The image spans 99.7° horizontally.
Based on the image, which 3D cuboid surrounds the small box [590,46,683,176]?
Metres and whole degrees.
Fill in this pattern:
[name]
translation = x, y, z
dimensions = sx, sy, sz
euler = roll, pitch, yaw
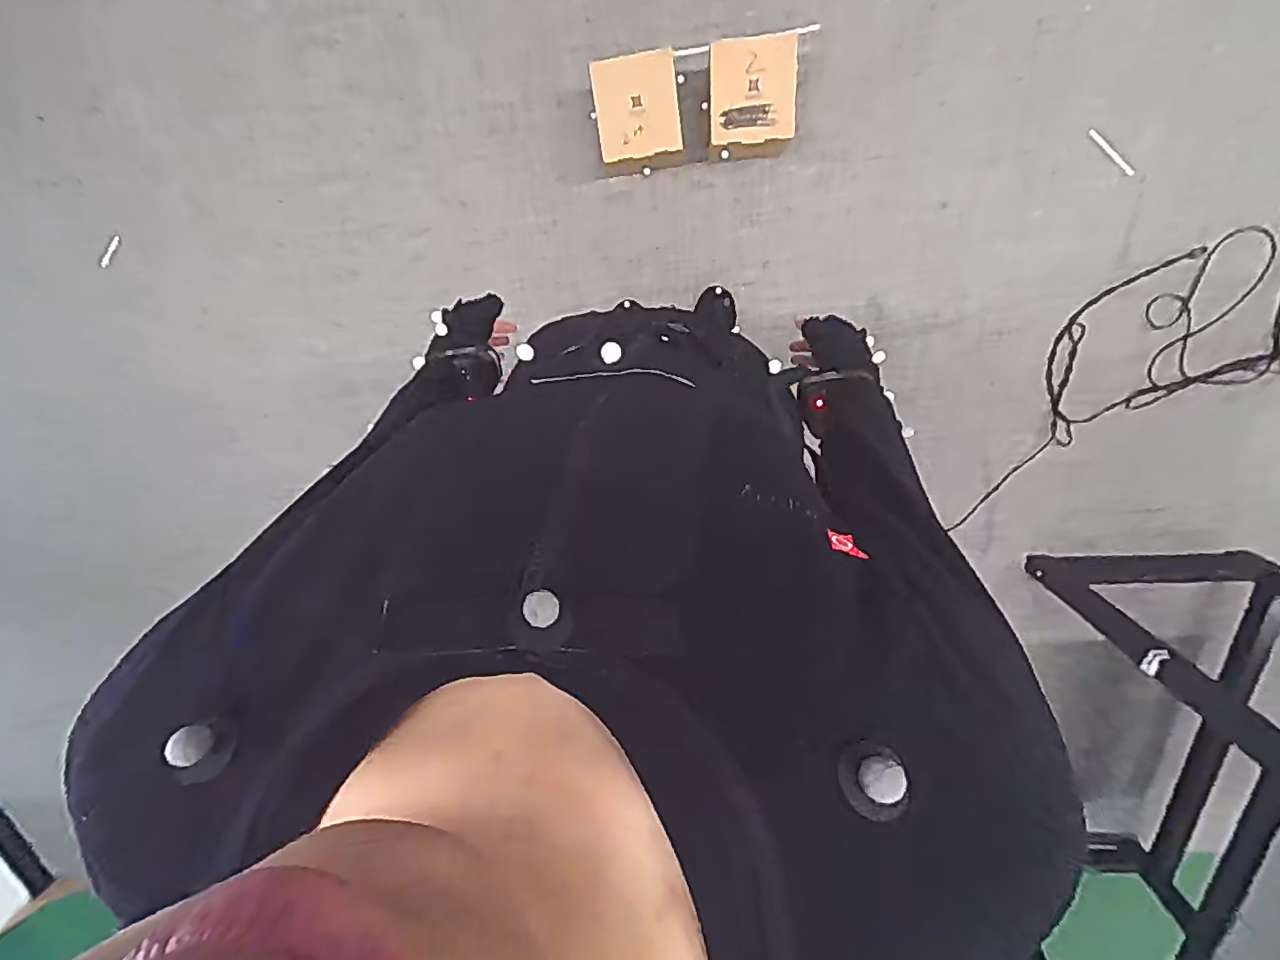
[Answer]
[small box]
translation = 0.000, -0.765, 1.141
dimensions = 0.168, 0.176, 0.179
euler = -6, 110, 8

————

What you should produce is an exact copy of the records, with the pictures left out.

#### [TASK SOLUTION]
The image spans 99.7° horizontally.
Based on the image, which 3D cuboid surrounds the small box [590,46,683,176]?
Metres and whole degrees.
Fill in this pattern:
[name]
translation = x, y, z
dimensions = sx, sy, sz
euler = roll, pitch, yaw
[Answer]
[small box]
translation = 0.000, -0.765, 1.141
dimensions = 0.168, 0.176, 0.179
euler = -6, 110, 8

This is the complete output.